I was pretty much angry and shaken up for several hours afterwards. It’s not the first time I’ve experienced unwanted attention. “Hey baby” and my all time favourite (insert sarcasm) “Smile baby” are a dime a dozen. But I’ve never felt so threatened before. I’ve felt angry and diminutive so often. I have felt afraid once before. That was probably my first in these series of unwanted male attention when at the age of 12 or 13 I was with a bunch of male class mates at a children’s fair at Ridge Park in Accra, Ghana, when a relatively young man holding a toddler girl in his arms, called for me authoritatively. Now, in Ghana, you respect your elders.

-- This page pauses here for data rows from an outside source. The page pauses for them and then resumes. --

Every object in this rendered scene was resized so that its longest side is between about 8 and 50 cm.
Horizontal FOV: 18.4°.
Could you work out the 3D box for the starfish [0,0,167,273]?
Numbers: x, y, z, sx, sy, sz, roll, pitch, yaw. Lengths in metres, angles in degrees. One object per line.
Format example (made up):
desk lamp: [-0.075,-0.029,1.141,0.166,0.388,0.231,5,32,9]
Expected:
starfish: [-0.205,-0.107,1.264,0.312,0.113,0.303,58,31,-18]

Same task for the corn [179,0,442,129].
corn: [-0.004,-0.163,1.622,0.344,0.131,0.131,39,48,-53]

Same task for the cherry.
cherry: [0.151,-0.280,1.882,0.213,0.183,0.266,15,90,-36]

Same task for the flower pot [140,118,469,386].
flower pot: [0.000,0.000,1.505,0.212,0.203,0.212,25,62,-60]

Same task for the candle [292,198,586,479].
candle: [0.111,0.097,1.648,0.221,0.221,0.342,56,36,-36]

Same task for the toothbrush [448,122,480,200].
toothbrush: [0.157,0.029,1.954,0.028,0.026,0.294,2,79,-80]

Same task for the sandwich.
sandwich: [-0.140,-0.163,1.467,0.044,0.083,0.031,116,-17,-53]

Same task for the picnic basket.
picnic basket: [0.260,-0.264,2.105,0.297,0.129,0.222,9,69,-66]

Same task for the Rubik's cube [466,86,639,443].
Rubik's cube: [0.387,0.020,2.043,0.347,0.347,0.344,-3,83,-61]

We had only been back to the country a year or so and there were a lot of people who knew my parents and us the children who I didn’t know. I thought he was one of them as he started with a “How are you?” until he got to “Where do you live?” and there was something so wrong with his gap-toothed grin that I stepped back, turned around, and walked back to my friends who were snickering. I felt not only afraid and diminutive, but also humiliated and very alone.
Sexual harassment, objectification, victimization, cat-calling, flirtation, flattery. Whatever you want to call it. Who decides what the proper terminology to be used is in any given occurrence of street harassment? Though I personally didn’t feel sexually harassed in the events recounted above I certainly felt all of the objectification and belittling and none of the flirtation nor flattery!

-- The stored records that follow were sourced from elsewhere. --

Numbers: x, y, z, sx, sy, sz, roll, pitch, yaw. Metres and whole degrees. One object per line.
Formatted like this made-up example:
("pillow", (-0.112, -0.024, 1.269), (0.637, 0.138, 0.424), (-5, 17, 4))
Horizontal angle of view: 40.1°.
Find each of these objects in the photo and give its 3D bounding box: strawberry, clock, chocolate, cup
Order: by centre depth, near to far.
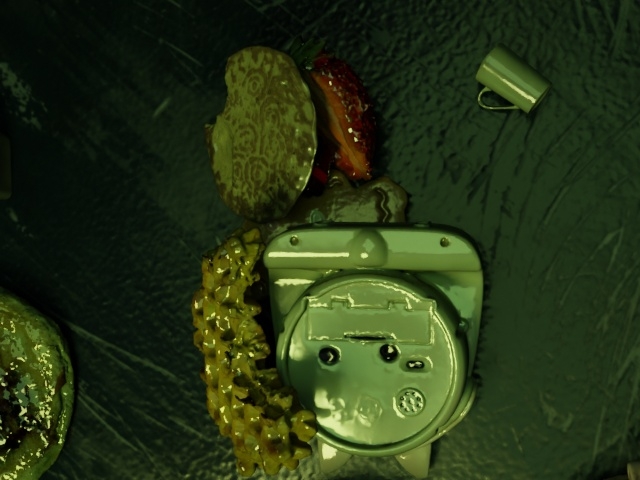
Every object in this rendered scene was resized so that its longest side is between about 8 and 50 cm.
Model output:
("clock", (0.066, 0.137, 1.070), (0.265, 0.108, 0.324), (-1, 95, 9))
("cup", (0.236, -0.194, 1.097), (0.083, 0.054, 0.075), (39, 95, 11))
("strawberry", (0.019, -0.177, 1.119), (0.085, 0.140, 0.192), (-33, 56, -29))
("chocolate", (-0.052, -0.134, 1.145), (0.182, 0.028, 0.086), (44, 131, 25))

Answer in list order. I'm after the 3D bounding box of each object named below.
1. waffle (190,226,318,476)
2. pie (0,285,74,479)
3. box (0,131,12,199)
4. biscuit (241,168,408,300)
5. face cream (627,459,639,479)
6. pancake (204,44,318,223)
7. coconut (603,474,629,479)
("waffle", (-0.100, 0.144, 1.064), (0.069, 0.260, 0.292), (-8, 70, -25))
("pie", (-0.488, 0.217, 1.236), (0.323, 0.070, 0.323), (-1, 87, 12))
("box", (-0.492, -0.109, 1.258), (0.084, 0.069, 0.122), (-4, 85, 15))
("biscuit", (-0.001, 0.000, 1.150), (0.249, 0.035, 0.184), (-8, 84, 13))
("face cream", (0.462, 0.271, 0.903), (0.269, 0.073, 0.107), (-8, 65, 14))
("pancake", (-0.080, -0.133, 1.122), (0.212, 0.029, 0.235), (55, 132, 25))
("coconut", (0.346, 0.343, 1.006), (0.116, 0.116, 0.122), (-26, 81, 11))

Any way you slice it though, whatever IT is, it is an unfair burden on the life of a girl or a woman everywhere. IT that subjects us to the aggressive entitlement of any man’s gaze is intimately woven into society’s expectation of a woman’s duty to be attractive. A status quo many of us have gladly accepted. We should be aesthetically pleasing to the eye, plucked and shaved, tucked and trimmed, smoothed down, curves in only the right places, and … quiet. We should want to provoke a reaction of want in a man; therein lies our power. Desirability is the ticket. Looks. Charm. Sex appeal. Voila! Alas, we are so far gone down the rabbit hole that patriarchy is deeply embedded in our brains.

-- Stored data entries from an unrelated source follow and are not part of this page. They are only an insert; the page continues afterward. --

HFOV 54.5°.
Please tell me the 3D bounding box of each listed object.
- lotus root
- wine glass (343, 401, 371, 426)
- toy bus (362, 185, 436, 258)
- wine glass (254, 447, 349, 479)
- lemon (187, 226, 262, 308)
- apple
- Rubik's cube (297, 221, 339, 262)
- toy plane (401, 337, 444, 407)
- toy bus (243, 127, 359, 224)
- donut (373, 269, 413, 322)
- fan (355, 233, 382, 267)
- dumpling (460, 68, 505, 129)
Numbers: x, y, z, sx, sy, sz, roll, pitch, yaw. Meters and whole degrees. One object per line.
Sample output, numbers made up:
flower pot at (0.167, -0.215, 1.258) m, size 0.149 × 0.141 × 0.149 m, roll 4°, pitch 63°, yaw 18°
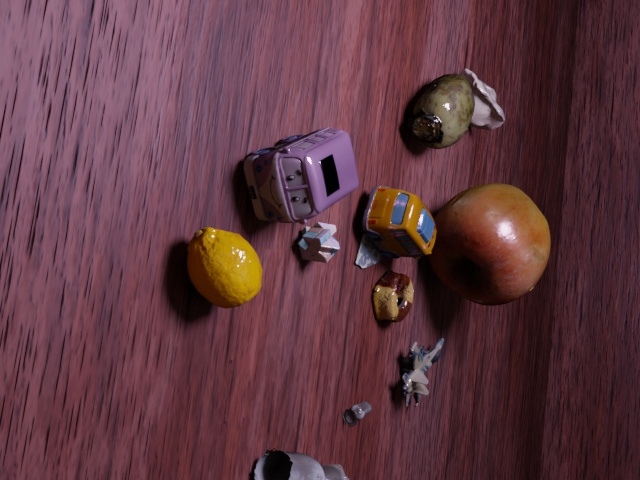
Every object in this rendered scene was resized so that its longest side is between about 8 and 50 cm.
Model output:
lotus root at (0.338, -0.363, 1.686) m, size 0.309 × 0.173 × 0.173 m, roll -55°, pitch 135°, yaw -47°
wine glass at (0.090, 0.409, 1.470) m, size 0.083 × 0.042 × 0.039 m, roll -2°, pitch 123°, yaw -58°
toy bus at (0.199, -0.037, 1.495) m, size 0.209 × 0.136 × 0.126 m, roll 44°, pitch 58°, yaw -52°
wine glass at (-0.035, 0.477, 1.236) m, size 0.222 × 0.103 × 0.103 m, roll 41°, pitch 59°, yaw -49°
lemon at (-0.158, 0.044, 1.018) m, size 0.114 × 0.114 × 0.155 m, roll -56°, pitch 131°, yaw -37°
apple at (0.476, 0.005, 1.735) m, size 0.305 × 0.338 × 0.338 m, roll -37°, pitch 123°, yaw -32°
Rubik's cube at (-0.001, -0.001, 1.275) m, size 0.075 × 0.084 × 0.073 m, roll -65°, pitch 147°, yaw -55°
toy plane at (0.277, 0.340, 1.710) m, size 0.262 × 0.088 × 0.192 m, roll -48°, pitch 136°, yaw -56°
toy bus at (-0.033, -0.123, 1.162) m, size 0.202 × 0.142 × 0.142 m, roll -36°, pitch 121°, yaw -49°
donut at (0.186, 0.144, 1.579) m, size 0.140 × 0.059 × 0.140 m, roll -14°, pitch 107°, yaw -54°
fan at (0.139, -0.018, 1.538) m, size 0.240 × 0.009 × 0.131 m, roll -60°, pitch 138°, yaw -34°
dumpling at (0.492, -0.421, 1.908) m, size 0.124 × 0.151 × 0.229 m, roll -44°, pitch 134°, yaw -10°

I’m so lucky to be living the life that I am. To be able to use the brains God gave me so effectively in a society in which I too can access economic resources directly (though not yet equitably) so that I can be self-sufficient without having to rely on my desirability to any random man, be he ugly, ancient, stupid, and ill-spirited or rather handsome, smart, and kind. Lucky that society has only partially succeeded in making me feel so wanting in my body that I have little to no reason to help feed the depilatory, hair straightening, cosmetic surgery, and bleaching cream industries that rely on our self-hatred. Lucky that I know my life has worth simply because I am alive and not because a male stranger cat-called me.